36-467/36-667

18 October 2018

\[ \newcommand{\Expect}[1]{\mathbb{E}\left[ #1 \right]} \newcommand{\Var}[1]{\mathrm{Var}\left[ #1 \right]} \newcommand{\Cov}[1]{\mathrm{Cov}\left[ #1 \right]} \newcommand{\Neighbors}{N} \]

- Autoregressive models of order \(p\) (AR\((p)\)) for time univariate time series:
- \(X(t) = a+\sum_{j=1}^{p}{b_j X(t-j)} + \epsilon(t)\)
- Innovations \(\epsilon\) uncorrelated with each other and with past of \(X\)
- Generating a time series = step through that rule over and over
- Predictions = plug in to the deterministic part

- Vector autoregressions of order \(p\) (VAR\((p)\)) for multivariate time series:
- \(\vec{X}(t) = \vec{a} + \sum_{j=1}^{p}{\mathbf{b}_j \vec{X}(t-j)} + \vec{\epsilon}(t)\)
- All vectors have dimension \(k\), matrices dimension \(k\times k\)

- In general:
- Can eliminate higher-order dependence in favor of first-order dependence with more variables (to keep track of memory)
- In a first-order linear system, the eigenvalues and eigenvectors tell us everything

- A little about estimating AR(1)
- What to do with purely spatial data?
- What to do with spatio-temporal data?

- If we can estimate an AR(1), we can figure out how to estimate a VAR(1)
- If we can estimate a VAR(1), we should be able to estimate an AR(p)
- So focus on estimating an AR(1)

\[ X(t) = a+b X(t-1) + \epsilon(t) \]

- Given data \(X(0), X(1), X(2), \ldots X(t), \ldots X(n)\), how do we fit this?
- If we can find \(a, b\) we can get distribution of \(\epsilon\) from residuals
- If we can find \(b\) we can find \(a\) in lots of ways

- Assume stationarity (so \(|b| < 1\))
- Work out covariance function \(\gamma(h; b) = b^h \gamma(0)\)
- More work if doing this for an AR\((p)\)

- Pick the \(b\) that best fits observed \(\hat{\gamma}(h)\)
- Seems reasonable
*if*stationary **and**if \(\hat{\gamma}(h) \rightarrow \gamma_{\mathrm{true}}(h)\) as \(n\rightarrow \infty\) — why do we believe that?
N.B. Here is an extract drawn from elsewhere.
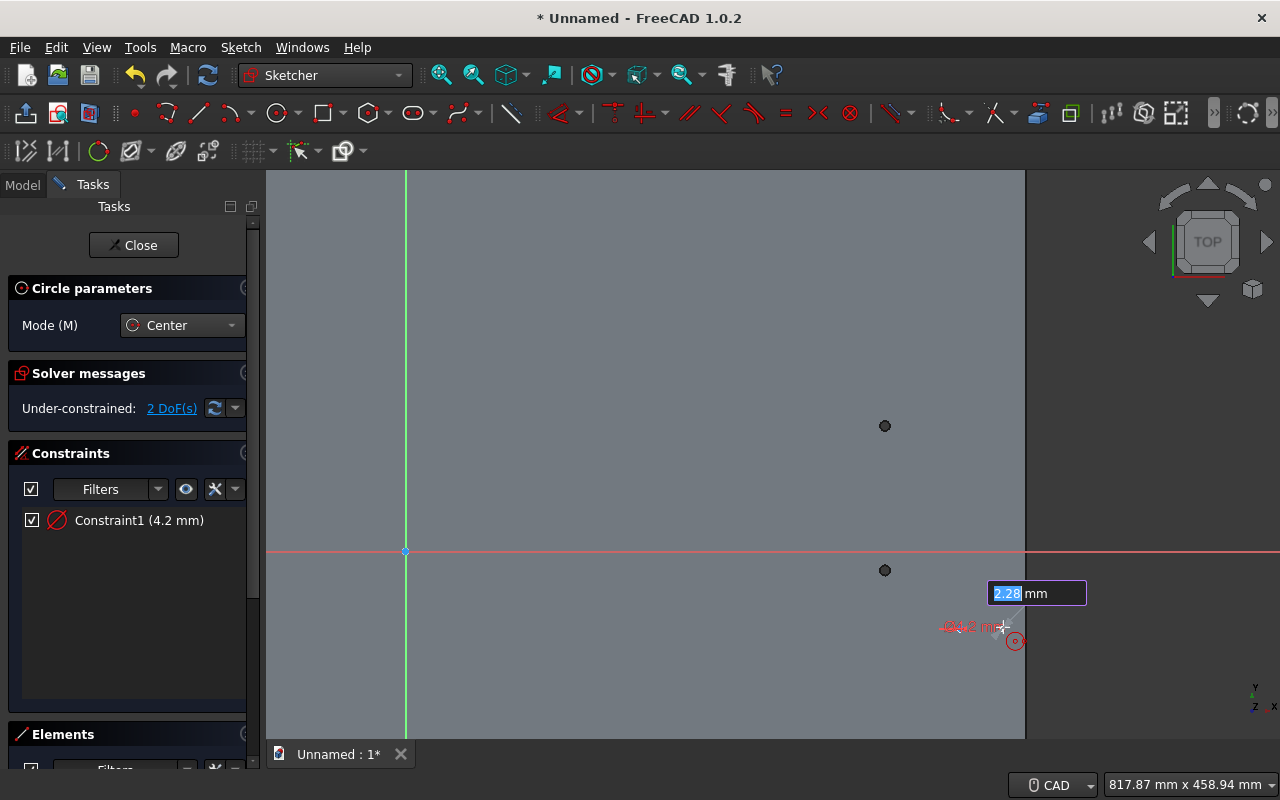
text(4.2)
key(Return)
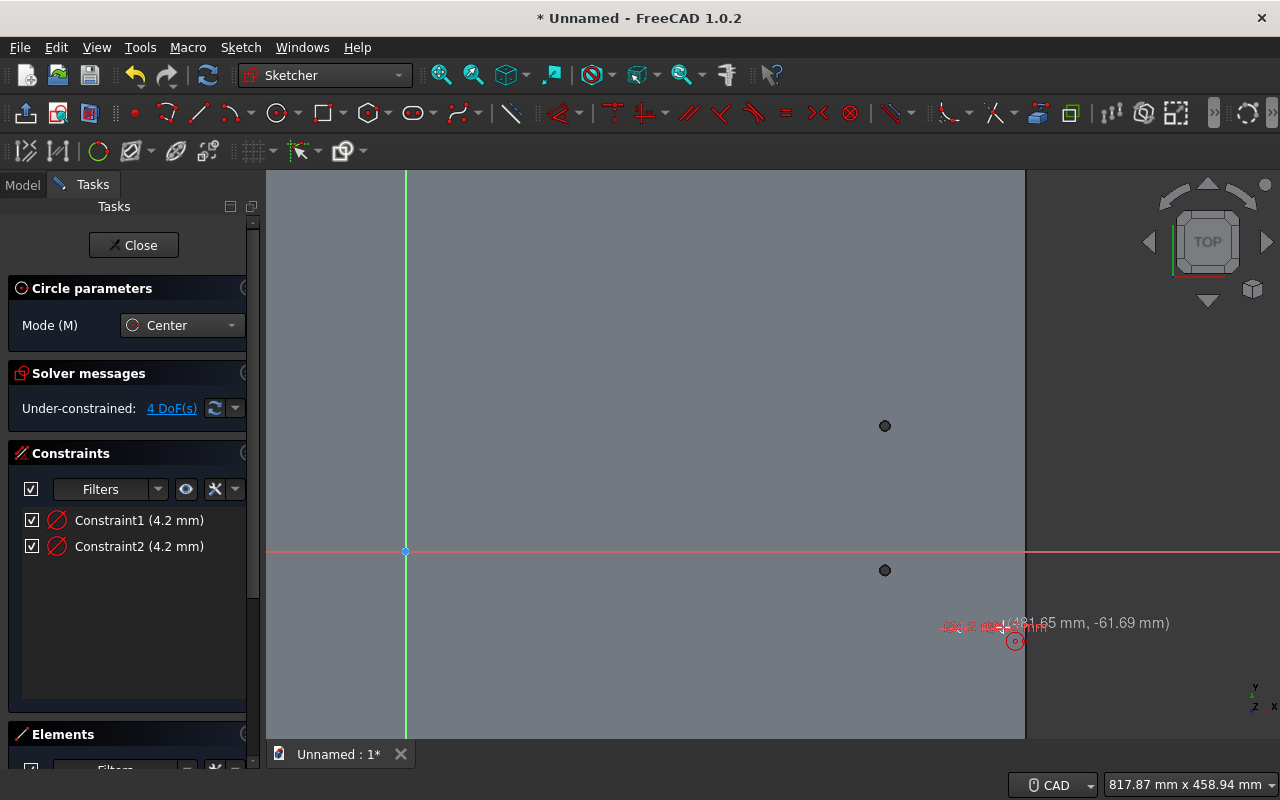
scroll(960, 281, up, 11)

- Assume \(a=0\) to simplify book-keeping
- Regress \(X(1), X(2), \ldots X(n)\) on \(X(0), X(1), \ldots X(n-1)\)
- i.e., “shut up and calculate”

- The usual math leads to \[\begin{eqnarray} \hat{b} & = & \frac{\sum_{t=0}^{n-1}{X(t)X(t+1)}}{\sum_{t=0}^{n-1}{X^2(t)}}\\ & = & \frac{\sum_{t=0}^{n-1}{X(t)(b X(t) + \epsilon(t+1))}}{\sum_{t=0}^{n-1}{X^2(t)}}\\ & = & b + \frac{\sum_{t=0}^{n-1}{X(t)\epsilon(t+1)}}{\sum_{t=0}^{n-1}{X^2(t)}} \end{eqnarray}\]
- \(X(t)\) and \(\epsilon(t+1)\) are uncorrelated so
*maybe*the extra bit goes to zero?

- Assume a pdf \(f\) for \(\epsilon(t)\) with parameter \(\theta\)
- Assume \(\epsilon(t)\) are IID, not just uncorrelated
- Conditional likelihood, given \(X(0)\), is \[ \prod_{t=1}^{n}{f(X(t) - a - bX(t-1); \theta)} \]
- Normalized conditional log-likelihood, given \(X(0)\), is \[ L_n(a,b,\theta) = \frac{1}{n}\sum_{t=1}^{n}{\log{f(X(t) - a - bX(t-1); \theta)}} \]
- Maximize this over \(a, b, \theta\)
- Can work if \(L_n(a,b,\theta)\) converges to a well-behaved limit

- We will see later what we need to assume to get either approach to work
- Stationarity will be sufficient, but OLS and MLE sometimes works for non-stationary processes

- For time, it makes sense to generate the future from the past
- Space isn’t
*directed*the same way time is - This makes purely spatial generative models much trickier, and much harder to interpret

- Data \(X(r_1), X(r_2), \ldots X(r_n)\)
- Assume \(r_i\) are on a regular grid
- Write \(\Neighbors(r)\) for the locations next to \(r\)
- CAR(1): \[
X(r) | \{X(q): q \in \Neighbors(r)\} = \sum_{j\in\Neighbors}{b_j X(r+j)} + \epsilon(r)
\]
- All neighborhoods have the same shape
- Each neighbor gets to have its own coefficient
- CAR\((p)\) is a sum of neighbors, plus neighbors’ neighbors, etc.
- Typically assume \(\epsilon\) is IID
- Easy to include a global mean

- Assume \(\epsilon(r)\) is IID Gaussian, variance \(\tau^2\)
- Assemble a matrix \(\mathbf{b}\) where \(b_{ij} =\) coefficient of \(X(r_j)\) in the model for \(X(r_i)\)
- Then \(X \sim \mathcal{N}(0, \tau^2(\mathbf{I}-\mathbf{b})^{-1})\)
**In-class exercise**: \[ X(r_i)|\text{all other}~ X(r_k)\sim \mathcal{N}(\mu(r_i), \tau^2) \] What is \(\mu(r_i)\), in terms of \(\mathbf{b}\) and the \(X\)’s?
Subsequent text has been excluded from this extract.